Bridging the delegate pattern to AsyncStream with Swift6 and Sendability issues

an issue with doing it this way is that when the stream is 'handed out' to a client, if a Task iterating it is canceled, the stream itself will be terminated, so subsequent clients will not be able to use it after that point. this is presumably undesirable, so i'd personally advise against such an approach, at least in the absence of further motivation.

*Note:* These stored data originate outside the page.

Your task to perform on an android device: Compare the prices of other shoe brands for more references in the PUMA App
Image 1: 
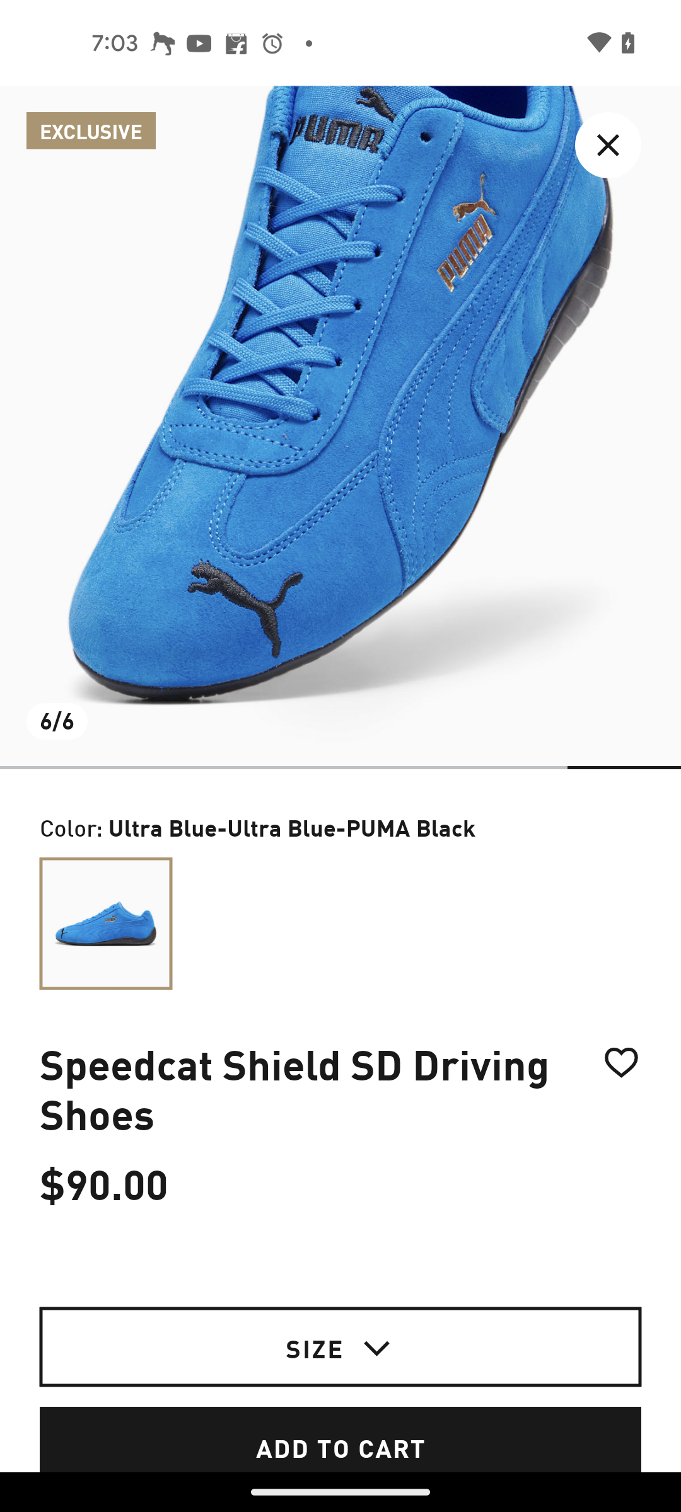
Scroll up for comparing the shoe with similar product
Step 1: scroll down
Image 2: 
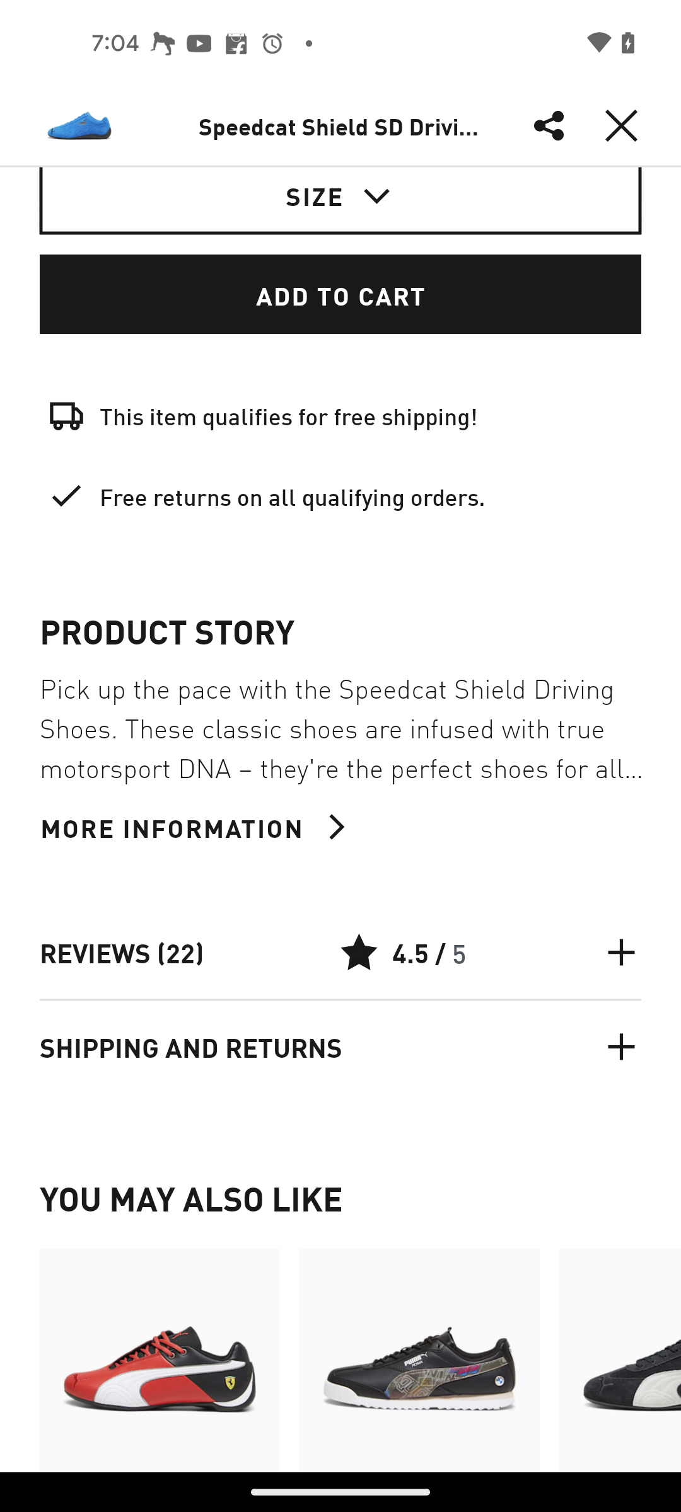
Scroll up for comparing the shoe with similar product
Step 2: scroll down
Image 3: 
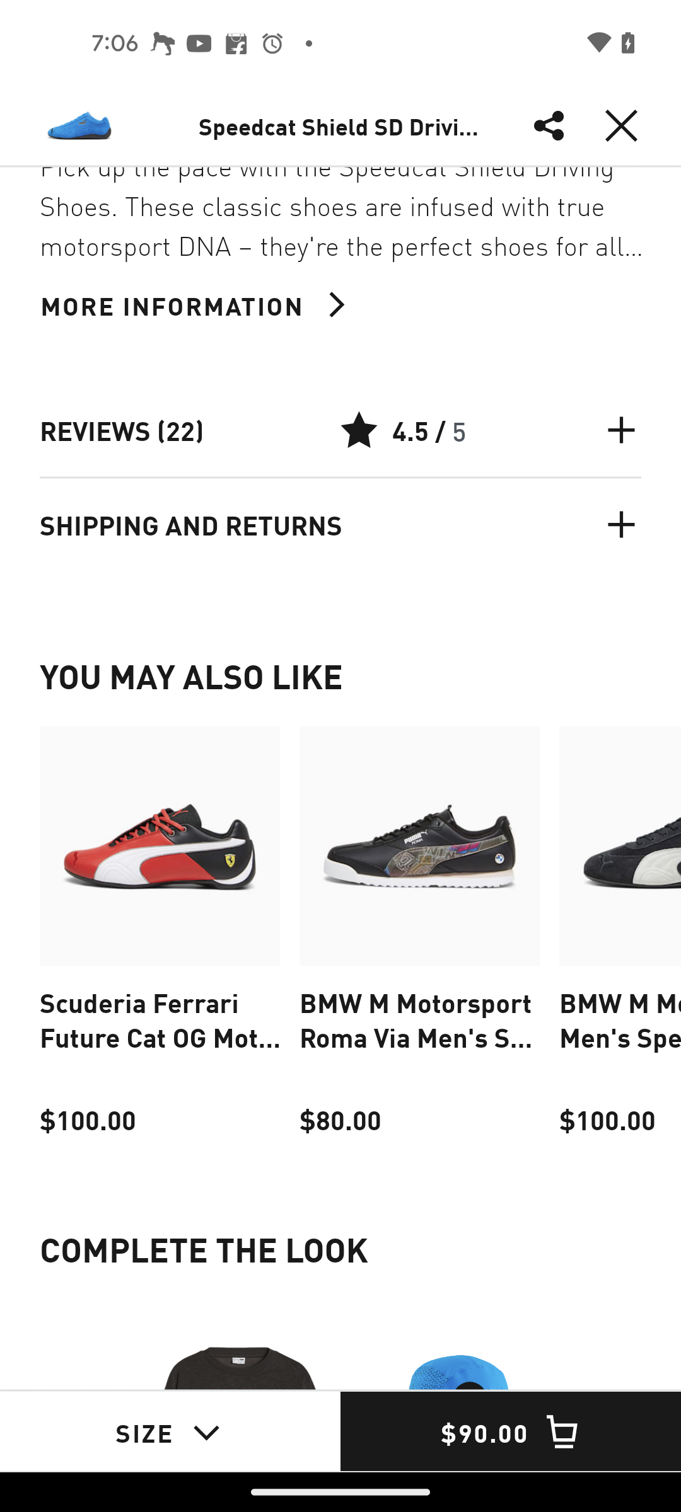
Scroll left the Shoe types for comparing
Step 3: scroll right
Image 4: 
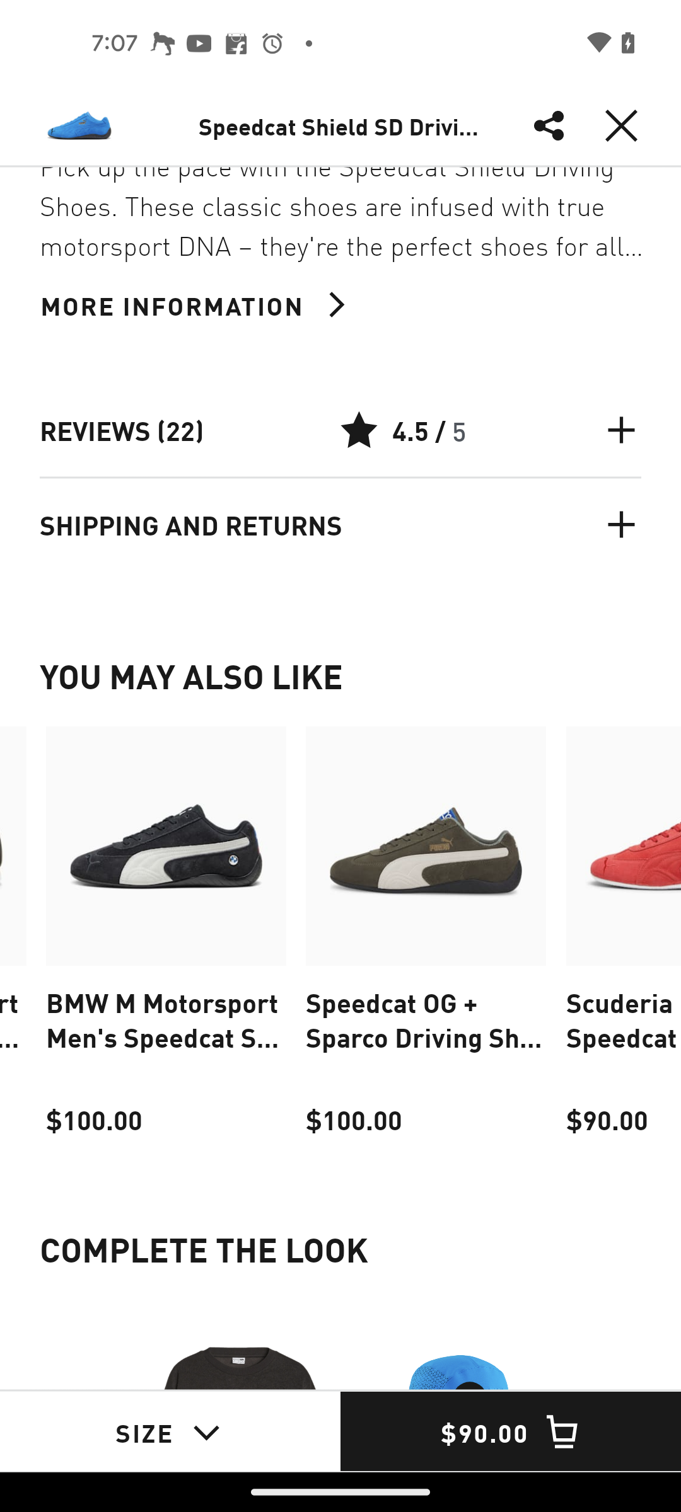
Scroll left the Shoe types for comparing
Step 4: scroll right
Image 5: 
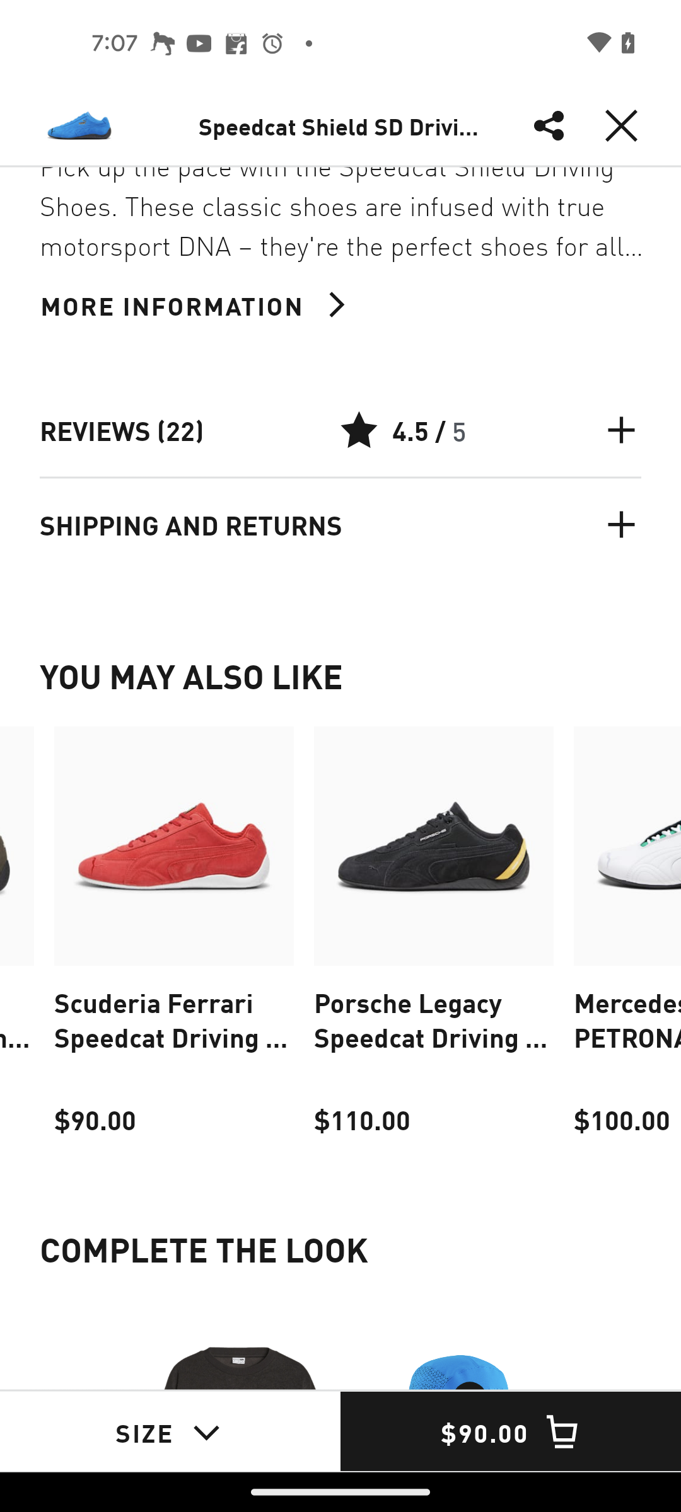
Scroll left the Shoe types for comparing
Step 5: scroll right
Image 6: 
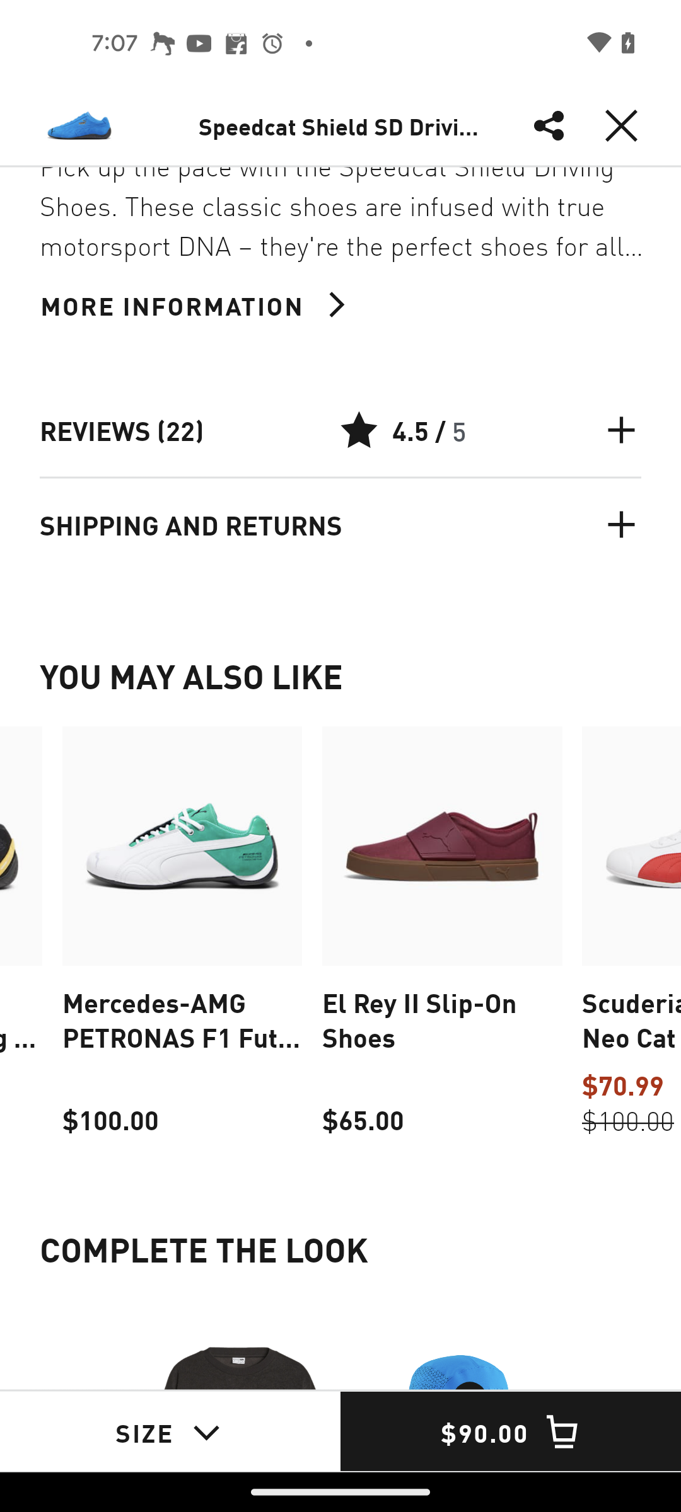
Scroll left the Shoe types for comparing
Step 6: scroll right
Image 7: 
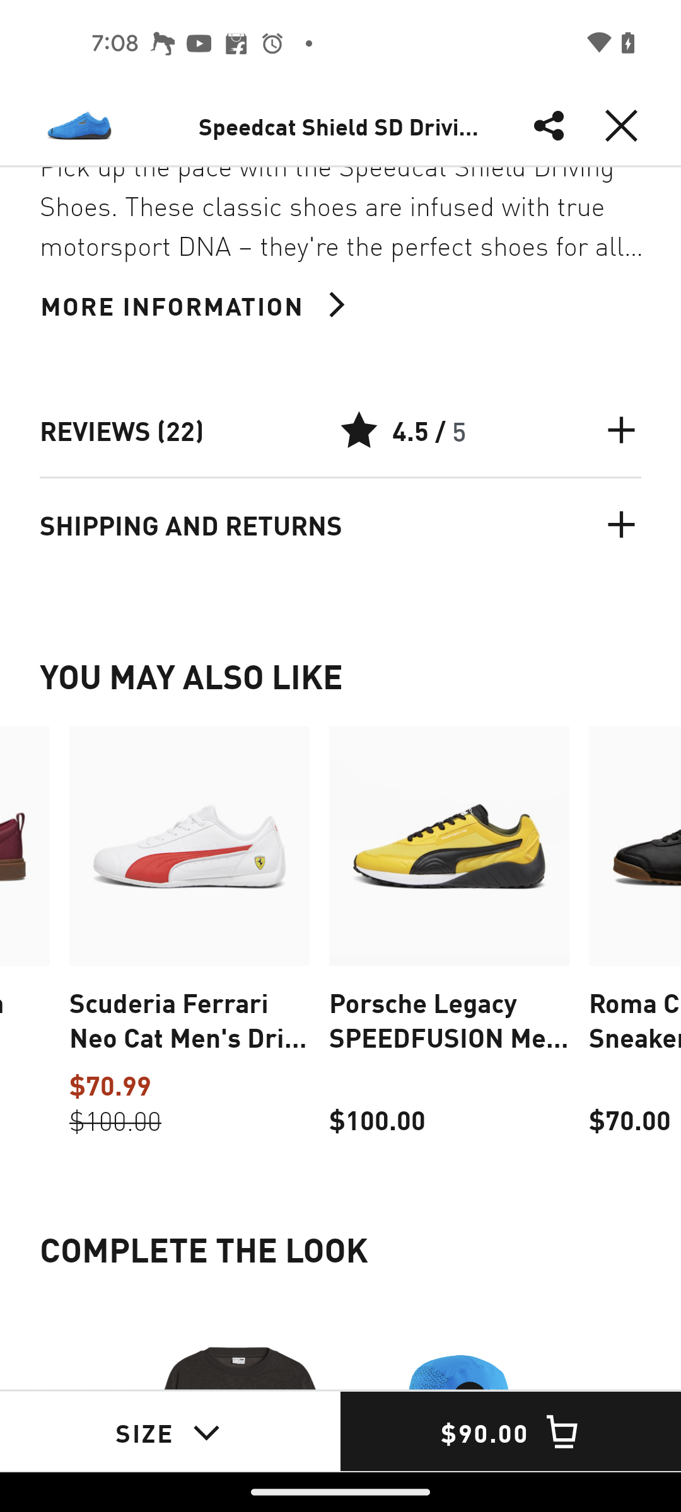
Scroll left the Shoe types for comparing
Step 7: scroll right

as Cory mentioned earlier, the data race safety errors can be resolved through the use of a mutex to protect the mutable state which may be accessible from different execution contexts. here's an example that adapts the code to do this through use of OSAllocatedUnfairLock (Mutex could presumably be used instead depending on the minimum deployment target, though the ownership attributes might require minor modifications):

final class LocationManager: NSObject, CLLocationManagerDelegate {

  // mutable state that should be protected by a mutex
  struct ProtectedState {
    // continuation for delivering auth status to most-recent caller of `locationUpdates()`
    fileprivate var authorizationStatusStreamContinuation: AsyncStream<CLAuthorizationStatus>.Continuation?
  }

  private let locationManager = CLLocationManager()
  private let protectedState = OSAllocatedUnfairLock(initialState: ProtectedState())

  override init() {
    super.init()
    locationManager.delegate = self
  }

  func locationUpdates() -> AsyncStream<CLAuthorizationStatus> {
    AsyncStream(bufferingPolicy: .bufferingNewest(1)) { continuation in

      // store the current auth status in the new continuation
      //
      // Note: the `CLLocationManager.authorizationStatus()` API is deprecated, so we
      // read the value off the location manager instead. as an aside – this call can
      // sometimes hang while synchronous xpc calls are performed within the CoreLocation
      // framework, so caching the last-known value from the delegate callback may offer
      // a marginally better implementation.
      continuation.yield(locationManager.authorizationStatus)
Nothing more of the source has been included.